= Young Jedi Knights =

Star Wars fiction series by Kevin J. Anderson and Rebecca Moesta

Young Jedi Knights is a Star Wars young adult fiction series by science fiction writer Kevin J. Anderson and his wife Rebecca Moesta. It was published from 1995 to 1998. It covers the Jedi training of Jacen and Jaina Solo, the twin children of Han Solo and Leia Organa Solo. The series begins 23 years ABY (After the Battle of Yavin), when the twins are fourteen years old.

Originally intended to cover six novels, the series eventually stretched to fourteen volumes. Another volume was added in 2003 titled Jedi Shadow, which featured the first three books. It spanned three distinct plot arcs:
1. The first plot arc covers the young Jedi Knights' fight against the dark Jedi Brakiss and his Shadow Academy, which eventually builds in strength enough to attack the Jedi academy on Yavin 4. This plot arc also introduces the twins, as well as other supporting characters.
2. The series became popular enough to support a second plot arc, consisting of the novels Shards of Alderaan to The Emperor's Plague. This series deals with the young Jedi Knights' fight against the Diversity Alliance, a group of non-humans seeking to take down the New Republic.
3. The final three-part series details the young Jedi Knights' relationship with Anja Gallandro, the daughter of Gallandro, a gunslinger who died while fighting Han Solo a long time ago.

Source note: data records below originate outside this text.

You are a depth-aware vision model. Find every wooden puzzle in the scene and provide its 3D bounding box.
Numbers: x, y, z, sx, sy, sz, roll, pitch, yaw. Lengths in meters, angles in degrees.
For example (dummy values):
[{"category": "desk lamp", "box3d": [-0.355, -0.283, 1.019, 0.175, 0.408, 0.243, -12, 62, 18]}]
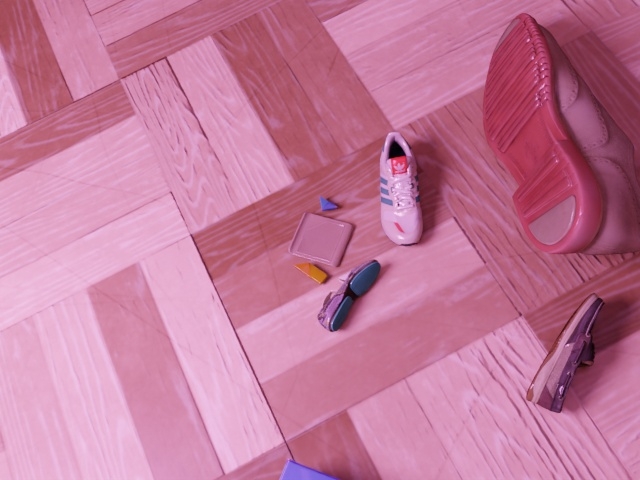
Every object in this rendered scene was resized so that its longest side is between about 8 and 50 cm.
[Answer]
[{"category": "wooden puzzle", "box3d": [0.000, 0.000, 1.041, 0.078, 0.014, 0.116, 24, 70, 16]}]

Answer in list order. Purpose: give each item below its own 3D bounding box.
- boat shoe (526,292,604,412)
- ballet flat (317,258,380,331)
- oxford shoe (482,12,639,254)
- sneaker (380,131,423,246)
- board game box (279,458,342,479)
[{"category": "boat shoe", "box3d": [0.299, 0.134, 0.896, 0.049, 0.056, 0.152, 31, 82, 18]}, {"category": "ballet flat", "box3d": [0.033, 0.065, 0.987, 0.041, 0.041, 0.114, 30, 71, 23]}, {"category": "oxford shoe", "box3d": [0.321, -0.141, 1.011, 0.146, 0.140, 0.397, 9, 55, -19]}, {"category": "sneaker", "box3d": [0.105, -0.073, 1.022, 0.057, 0.075, 0.161, -6, 62, 8]}, {"category": "board game box", "box3d": [0.011, 0.436, 0.777, 0.233, 0.078, 0.347, 17, 67, 18]}]
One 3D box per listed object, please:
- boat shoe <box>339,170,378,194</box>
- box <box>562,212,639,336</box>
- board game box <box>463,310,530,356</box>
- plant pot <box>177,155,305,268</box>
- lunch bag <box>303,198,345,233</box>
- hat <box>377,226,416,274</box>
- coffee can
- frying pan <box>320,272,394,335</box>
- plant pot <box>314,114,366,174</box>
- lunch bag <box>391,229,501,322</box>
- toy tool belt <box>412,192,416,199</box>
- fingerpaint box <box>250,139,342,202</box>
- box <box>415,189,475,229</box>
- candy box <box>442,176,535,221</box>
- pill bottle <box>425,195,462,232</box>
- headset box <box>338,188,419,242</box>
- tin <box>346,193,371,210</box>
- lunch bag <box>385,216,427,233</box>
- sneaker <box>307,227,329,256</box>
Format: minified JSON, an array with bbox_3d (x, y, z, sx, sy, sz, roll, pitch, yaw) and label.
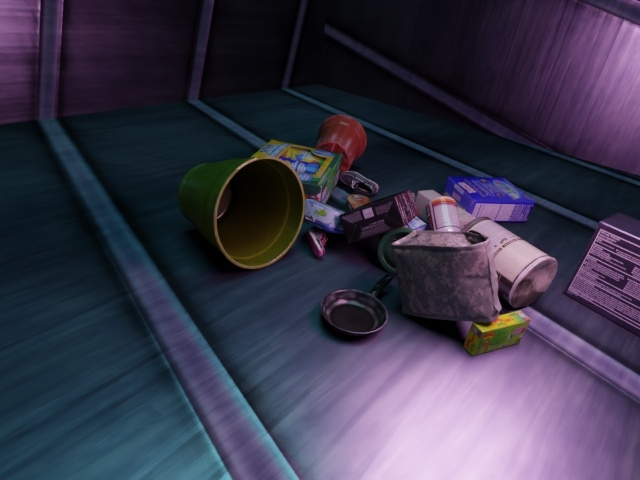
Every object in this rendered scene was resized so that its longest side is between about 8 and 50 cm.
[{"bbox_3d":[0.178,-0.278,2.030,0.205,0.075,0.065,25,35,16],"label":"boat shoe"},{"bbox_3d":[1.027,0.110,1.365,0.182,0.294,0.296,-17,39,-35],"label":"box"},{"bbox_3d":[0.501,0.262,1.190,0.181,0.092,0.043,-7,33,-23],"label":"board game box"},{"bbox_3d":[-0.304,-0.128,1.455,0.352,0.367,0.366,19,31,41],"label":"plant pot"},{"bbox_3d":[0.034,-0.085,1.596,0.175,0.090,0.219,24,7,26],"label":"lunch bag"},{"bbox_3d":[0.309,0.047,1.551,0.208,0.173,0.183,5,-5,5],"label":"hat"},{"bbox_3d":[0.616,0.070,1.427,0.201,0.202,0.275,-10,35,-27],"label":"coffee can"},{"bbox_3d":[0.111,0.181,1.278,0.197,0.053,0.326,13,29,9],"label":"frying pan"},{"bbox_3d":[0.082,-0.470,2.171,0.272,0.273,0.265,13,40,9],"label":"plant pot"},{"bbox_3d":[0.373,0.098,1.206,0.286,0.236,0.168,3,21,46],"label":"lunch bag"},{"bbox_3d":[0.408,-0.196,1.981,0.083,0.052,0.051,-18,8,-41],"label":"toy tool belt"},{"bbox_3d":[-0.126,-0.297,1.905,0.370,0.163,0.445,13,31,9],"label":"fingerpaint box"},{"bbox_3d":[0.522,-0.111,1.795,0.094,0.113,0.275,-8,36,-26],"label":"box"},{"bbox_3d":[0.788,-0.198,1.989,0.316,0.122,0.268,1,33,-13],"label":"candy box"},{"bbox_3d":[0.477,-0.050,1.608,0.121,0.121,0.222,4,59,-7],"label":"pill bottle"},{"bbox_3d":[0.227,-0.097,1.545,0.217,0.110,0.293,-18,4,25],"label":"headset box"},{"bbox_3d":[0.179,-0.150,1.855,0.106,0.040,0.190,3,31,-16],"label":"tin"},{"bbox_3d":[0.326,-0.047,1.670,0.151,0.097,0.129,-21,41,-17],"label":"lunch bag"},{"bbox_3d":[0.000,0.000,1.538,0.074,0.063,0.170,-6,28,-11],"label":"sneaker"}]
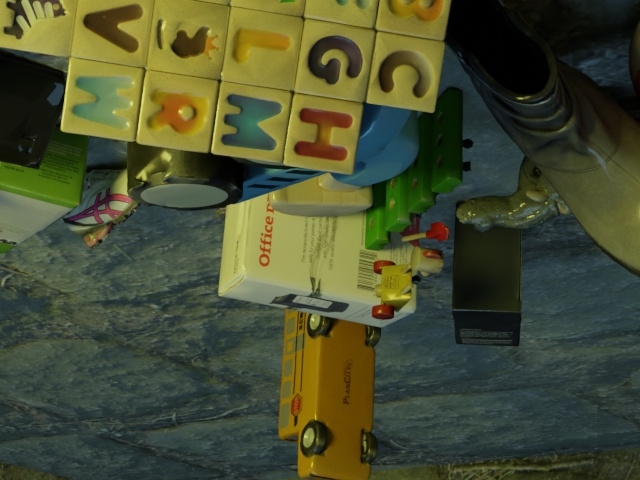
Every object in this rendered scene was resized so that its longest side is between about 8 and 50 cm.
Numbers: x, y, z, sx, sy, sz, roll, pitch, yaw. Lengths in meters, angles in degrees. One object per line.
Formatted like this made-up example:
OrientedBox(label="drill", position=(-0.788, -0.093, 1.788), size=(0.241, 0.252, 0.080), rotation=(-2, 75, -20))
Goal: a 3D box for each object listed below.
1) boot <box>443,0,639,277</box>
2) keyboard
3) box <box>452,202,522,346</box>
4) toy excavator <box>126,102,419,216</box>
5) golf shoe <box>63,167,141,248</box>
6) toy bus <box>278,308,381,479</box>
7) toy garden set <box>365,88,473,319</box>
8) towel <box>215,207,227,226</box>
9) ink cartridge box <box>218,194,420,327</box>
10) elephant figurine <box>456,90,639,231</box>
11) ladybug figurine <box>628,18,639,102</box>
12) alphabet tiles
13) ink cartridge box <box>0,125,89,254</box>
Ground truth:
OrientedBox(label="boot", position=(0.232, -0.096, 1.148), size=(0.338, 0.118, 0.223), rotation=(43, -175, 32))
OrientedBox(label="keyboard", position=(-0.445, -0.133, 1.349), size=(0.317, 0.033, 0.201), rotation=(13, 115, -32))
OrientedBox(label="box", position=(0.228, 0.047, 1.703), size=(0.093, 0.156, 0.158), rotation=(1, 159, 8))
OrientedBox(label="toy excavator", position=(-0.006, -0.121, 1.268), size=(0.445, 0.222, 0.433), rotation=(11, 161, -42))
OrientedBox(label="golf shoe", position=(-0.277, -0.060, 1.619), size=(0.086, 0.067, 0.186), rotation=(44, 130, -13))
OrientedBox(label="toy bus", position=(0.010, 0.200, 1.886), size=(0.108, 0.332, 0.130), rotation=(16, 155, -30))
OrientedBox(label="toy garden set", position=(0.118, -0.030, 1.451), size=(0.049, 0.203, 0.244), rotation=(9, 159, -17))
OrientedBox(label="towel", position=(-0.101, -0.031, 1.749), size=(0.083, 0.009, 0.060), rotation=(1, 158, 7))
OrientedBox(label="ink cartridge box", position=(0.000, 0.000, 1.589), size=(0.237, 0.172, 0.100), rotation=(12, 158, -22))
OrientedBox(label="elephant figurine", position=(0.300, -0.083, 1.381), size=(0.239, 0.186, 0.169), rotation=(23, 129, 21))
OrientedBox(label="ladybug figurine", position=(0.456, -0.166, 1.107), size=(0.305, 0.162, 0.449), rotation=(11, 158, -20))
OrientedBox(label="alphabet tiles", position=(-0.064, -0.206, 0.947), size=(0.343, 0.285, 0.011), rotation=(8, -173, -11))
OrientedBox(label="ink cartridge box", position=(-0.431, -0.074, 1.570), size=(0.189, 0.097, 0.255), rotation=(16, 157, -31))

Because it is geared towards younger readers, the Young Jedi Knights series tackles issues such as racism and drug abuse that are relevant in both the Star Wars universe and the real world. It is also notable for introducing a new generation of Jedi who are featured heavily in later series such as the New Jedi Order, Dark Nest, and Legacy of the Force.

==Characters==
- Jacen Solo
  Age: 14-16: Lightsaber: green: Personality: kind, philosophical, humorous.: Description: Jacen is the son of Han Solo and Leia Organa Solo. He has youseld brown hair.
- Jaina Solo
  The teenage daughter of Han Solo and Leia Organa Solo. Like her father, Jaina is a talented pilot and mechanic.
- Lowbacca
  The Wookiee nephew of Chewbacca. He is known to his friends as Lowie, and enjoys tinkering with computers.
- Em Teedee
  Long form of M-TD, a miniature protocol droid that Lowbacca wears on his hip. Em Teedee also translates for Lowbacca. Since he is programmed by C-3PO, Em Teedee has a tendency to be long-winded.
- Tenel Ka
  Is a young princess of Hapes, though she prefers to be known as a warrior of Dathomir.
- Zekk
  The childhood friend of Jaina and Jacen, Zekk is adept at finding hidden things.
- Brakiss
  A dark Jedi who creates the Shadow Academy, the dark Jedi analog to the Jedi academy
- Anja Gallandro
  The daughter of the notorious gunslinger Gallandro, who was thought to have been killed by Han Solo in one of his earliest adventures.

- Other characters
  Luke Skywalker, Han Solo, Princess Leia Organa, Chewbacca, Raynar Thul, C-3PO

==Plot summaries==

===Book 1: Heirs of the Force===
 Heirs of the Force is about the adventures of Jacen Solo and Jaina Solo during their time at the Jedi Praxeum. After spending a month of training to become Jedi Knights at Luke Skywalker's Jedi academy, Jacen and Jaina's father Han Solo arrives on Yavin 4 with gifts for the twins and a new Jedi trainee — Chewbacca's nephew, Lowbacca. Along with Tenel Ka — a seemingly humorless warrior girl who befriended them during the past month — the twins and "Lowie" become fast friends. To help Lowie communicate with his fellow students, Chewbacca and Han give him a small translator droid named Em Teedee, whose mannerisms bear an uncanny resemblance to those of the droid C-3PO.

After assembling the T-23 skyhopper that his uncle had given to him as a going-away present, Lowie takes it on a test flight. He spots a shiny object glimmering in the branches of a Massassi tree, and returns to the Praxeum, vowing to return as soon as possible. After missing evening meal, Lowie shares his discovery with Jacen, Jaina and Tenel Ka. The next day the four Jedi trainees set out in the skyhopper to investigate Lowie's discovery.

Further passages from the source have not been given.